Source records:
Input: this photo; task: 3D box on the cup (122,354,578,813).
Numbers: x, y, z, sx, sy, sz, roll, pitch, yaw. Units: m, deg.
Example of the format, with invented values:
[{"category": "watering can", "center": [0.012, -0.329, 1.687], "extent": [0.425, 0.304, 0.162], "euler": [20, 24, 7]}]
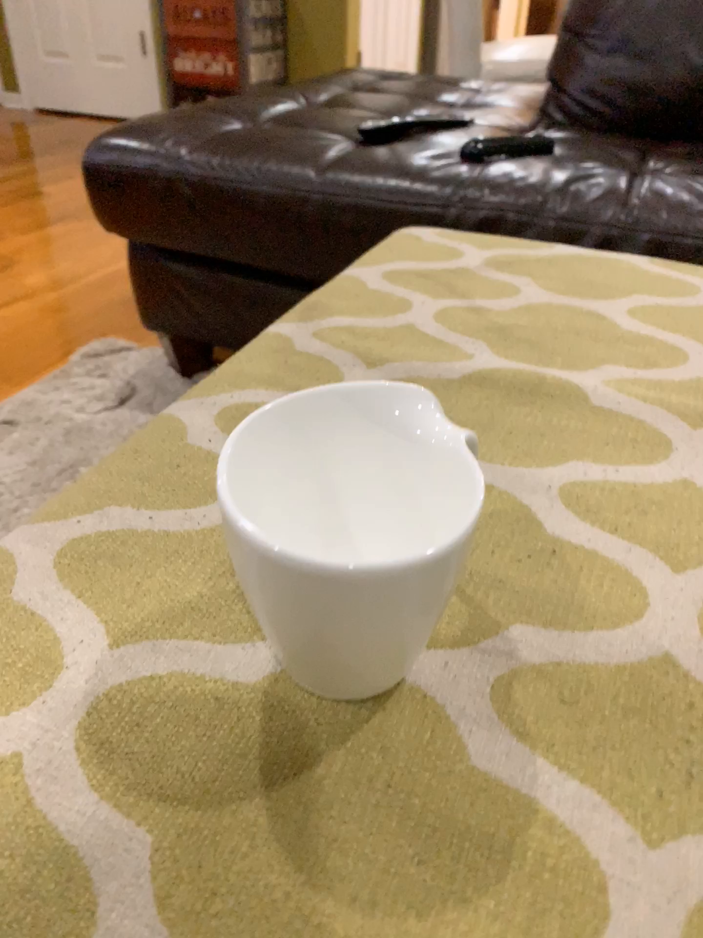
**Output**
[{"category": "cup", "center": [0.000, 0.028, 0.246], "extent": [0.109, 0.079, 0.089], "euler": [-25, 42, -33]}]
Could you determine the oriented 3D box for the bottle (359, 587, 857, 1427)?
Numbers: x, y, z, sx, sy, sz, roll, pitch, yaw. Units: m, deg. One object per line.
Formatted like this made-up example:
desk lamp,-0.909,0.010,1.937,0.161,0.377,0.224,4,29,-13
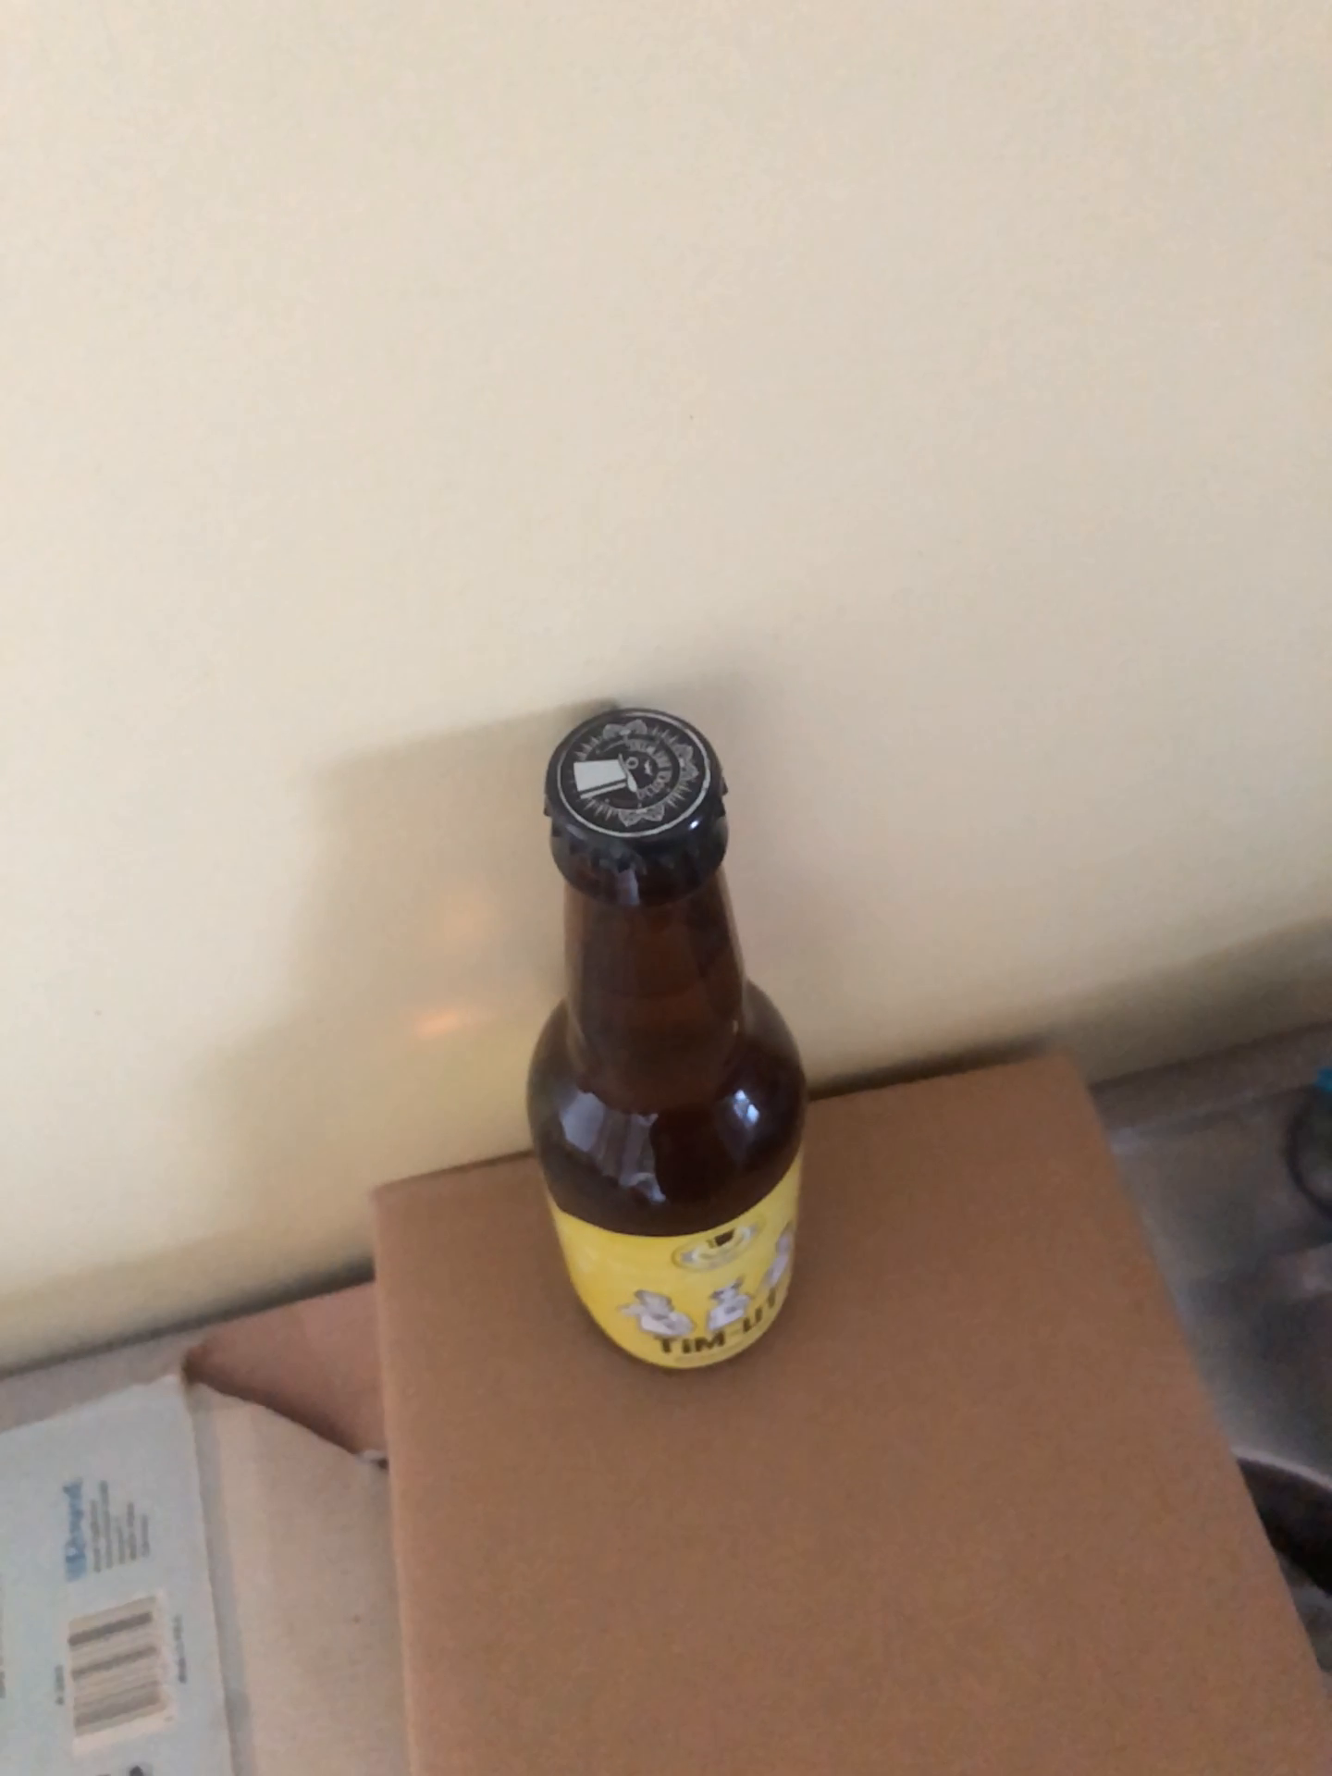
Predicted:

◆ Exercise brief ◆
Which lines belong in the answer? Exactly those from the first line of the entries through the line holding "Example of the", inclusive, copied unchanged.

◆ Response box ◆
Input: this photo; task: 3D box on the cup (122,354,578,813).
Numbers: x, y, z, sx, sy, sz, roll, pitch, yaw. Units: m, deg.
Example of the format, with invented values:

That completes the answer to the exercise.